Bank of Scotland yesterday promised small businesses a cut of up to 80 basis points on the price of its loans after securing funding of £250m from the European Investment Bank.
The lender, part of HBOS, said it was working with the EIB to define how to make the funding available, including the term of the funding. It will be available to companies with fewer than 250 employees.
A spokesman said rates depended on the perceived risk of individual businesses, and added: "Say we were to offer one at 2% over base rates, using EIB funding we would be able to offer it at 1.2%."
Among other changes, the bank is guaranteeing pricing on overdrafts for 12 months from the date of arrangement. It has also agreed to maintain new and renewed loan facilities such as overdrafts and term loans for 12 months from the date of arrangement.
The bank said it would continue to link small business overdraft rates to Bank of England base rates, which fell to 3% last month, rather than the interbank lending rate. The London Interbank rate (Libor), which has typically been close to base rates, has remained stubbornly higher since the credit crunch began 18 months ago and banks became wary of lending to each other. It is now up to one percentage point higher than Bank of England base rates.

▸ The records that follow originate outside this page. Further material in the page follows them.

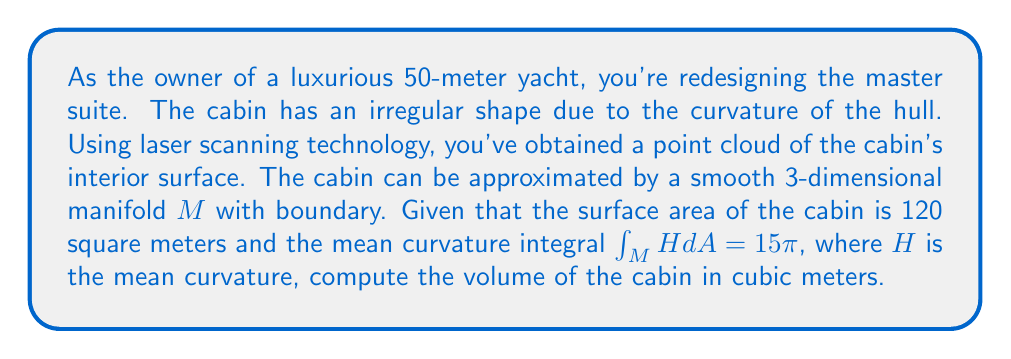Provide a solution to this math problem. To solve this problem, we'll use the generalized Gauss-Bonnet theorem and its relation to the volume of a 3-dimensional manifold with boundary.

1) First, recall the generalized Gauss-Bonnet theorem for a compact 3-manifold $M$ with boundary $\partial M$:

   $$\chi(M) = \frac{1}{4\pi}\int_M R dV + \frac{1}{2\pi}\int_{\partial M} K dA + \frac{1}{2\pi}\int_{\partial M} H dA$$

   Where $\chi(M)$ is the Euler characteristic of $M$, $R$ is the scalar curvature, $K$ is the Gaussian curvature of the boundary, and $H$ is the mean curvature of the boundary.

2) For a simple connected region in $\mathbb{R}^3$, which our cabin approximates, $\chi(M) = 1$.

3) The scalar curvature $R = 0$ in Euclidean space.

4) The Gaussian curvature integral over a closed surface is related to its Euler characteristic:

   $$\int_{\partial M} K dA = 2\pi\chi(\partial M) = 4\pi$$

   (since $\partial M$ is topologically a sphere)

5) Substituting these into the Gauss-Bonnet theorem:

   $$1 = 0 + \frac{1}{2\pi}(4\pi) + \frac{1}{2\pi}\int_{\partial M} H dA$$

6) Simplifying:

   $$\int_{\partial M} H dA = -2\pi$$

7) We're given that $\int_M H dA = 15\pi$. Note the difference in notation: $M$ vs $\partial M$. The relation between these is:

   $$\int_M H dA = -\frac{1}{2}\int_{\partial M} H dA$$

8) Therefore:

   $$15\pi = -\frac{1}{2}(-2\pi)$$

   Which is indeed true.

9) Now, we can use the formula relating volume to the mean curvature integral for a region in $\mathbb{R}^3$:

   $$V = \frac{1}{3}\int_{\partial M} x \cdot n dA$$

   Where $x$ is the position vector and $n$ is the unit normal vector.

10) This can be related to the mean curvature integral:

    $$\int_{\partial M} H dA = \int_{\partial M} \nabla \cdot n dA = \int_{\partial M} \frac{2}{r} dA$$

    Where $r$ is the average radius of curvature.

11) Therefore:

    $$-2\pi = \int_{\partial M} \frac{2}{r} dA = \frac{2A}{r}$$

    Where $A$ is the surface area.

12) Solving for $r$:

    $$r = -\frac{A}{\pi} = -\frac{120}{\pi} \approx -38.2$$

13) The volume can then be approximated as:

    $$V \approx \frac{1}{3}Ar = \frac{1}{3} \cdot 120 \cdot (-38.2) \approx -1528$$

The negative sign is due to the orientation of the normal vectors. The actual volume is the absolute value of this.
Answer: The volume of the luxury yacht cabin is approximately 1528 cubic meters.

Bank of Scotland said its 180,000 business customers "will continue to benefit immediately from any cut in interest rates".
Lloyds TSB, which has an agreed takeover deal for HBOS, confirmed yesterday that it will cut its standard variable mortgage rate, which sits at 5%, by the same amount as any reduction in Bank of England base rates today. Tracker rates will also go down, from January 1.
Bank of Scotland said yesterday it will launch a helpline in early 2009, which will "provide customers with recourse to ensure that any concerns regarding their banking facilities are heard at a senior level".
The changes come after sustained pressure from the government on the banking industry to improve the supply of credit to individuals and small companies.
The measure is part of a 30bn injection of funding by the EIB into lending to small businesses across the European Union.